About the Math Worksheet Generator
A worksheet generator that only does addition becomes useless the moment a class moves into subtraction or starts mixing operations for review. This one builds problems for all four operations, lets you set the exact number range, and regenerates a fresh set with one click, so the same tool covers a September addition drill and a March mixed-review packet.
Division problems are built from clean multiplication facts behind the scenes, so students never land on a remainder unless that's something you've specifically planned for.
How to use it in your classroom
- Pick an operation: addition, subtraction, multiplication, or division.
- Set the minimum and maximum numbers. Keep the range tight, like 0 to 10, for a quick fluency drill, or widen it for a challenge set.
- Choose how many problems you want, from a short four-problem warm-up to a full forty-problem page.
- Turn on the answer key if you're printing a copy for yourself or a substitute, then print or regenerate for a fresh set.
Tips from the classroom
- Set a narrow range like 0–5 for timed fact fluency, where speed matters more than the size of the numbers.
- For subtraction, the generator keeps every answer non-negative, so it's safe to hand to students who haven't covered negative numbers yet.
- Generate two versions from the same range — one with the answer key and one without — so you get a self-checking station copy and a grading copy from the same set of problems.
- Mixing operations on one sheet isn't built in, but printing a short set of each and stapling them together works well for a mixed-review Friday.
Frequently asked questions
Will the same set of problems print twice if I reload the page?
No.
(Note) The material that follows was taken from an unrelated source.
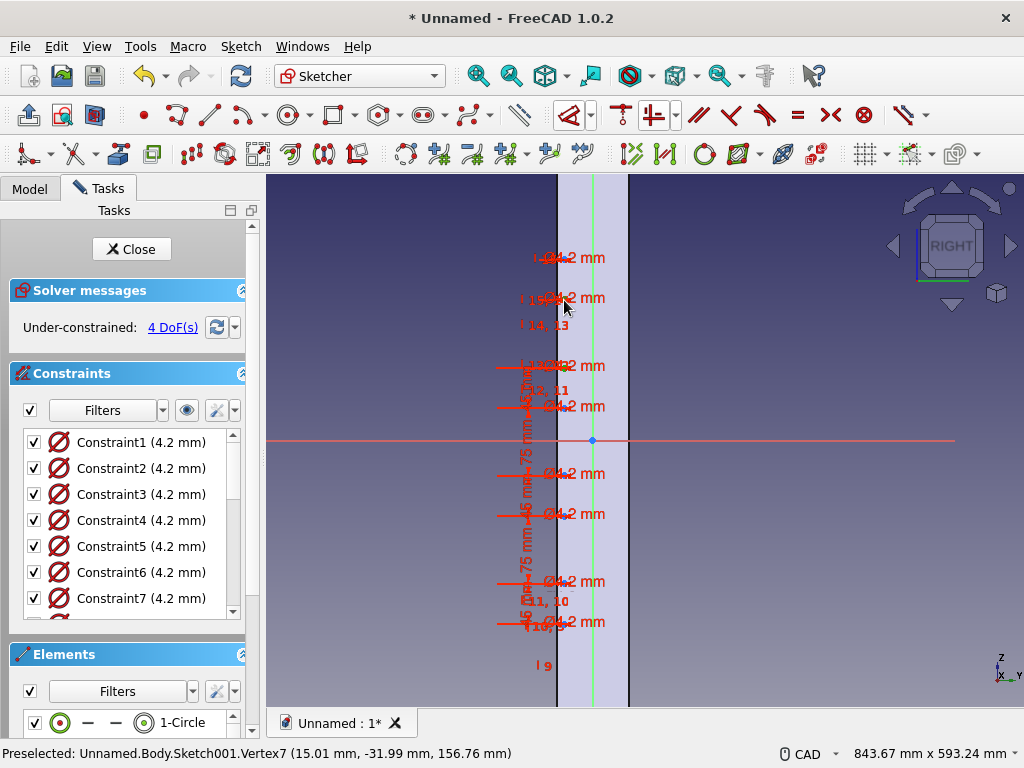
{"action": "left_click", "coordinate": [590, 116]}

Every time you open the generator or click shuffle, it builds a new random set within your chosen range.
Does division ever produce a remainder?
Not from this generator. Division problems are built backward from a multiplication fact, so the quotient is always a whole number.
Can I control how many problems appear per row?
The layout is fixed at four problems per row, which keeps the columns aligned cleanly no matter how many problems you choose.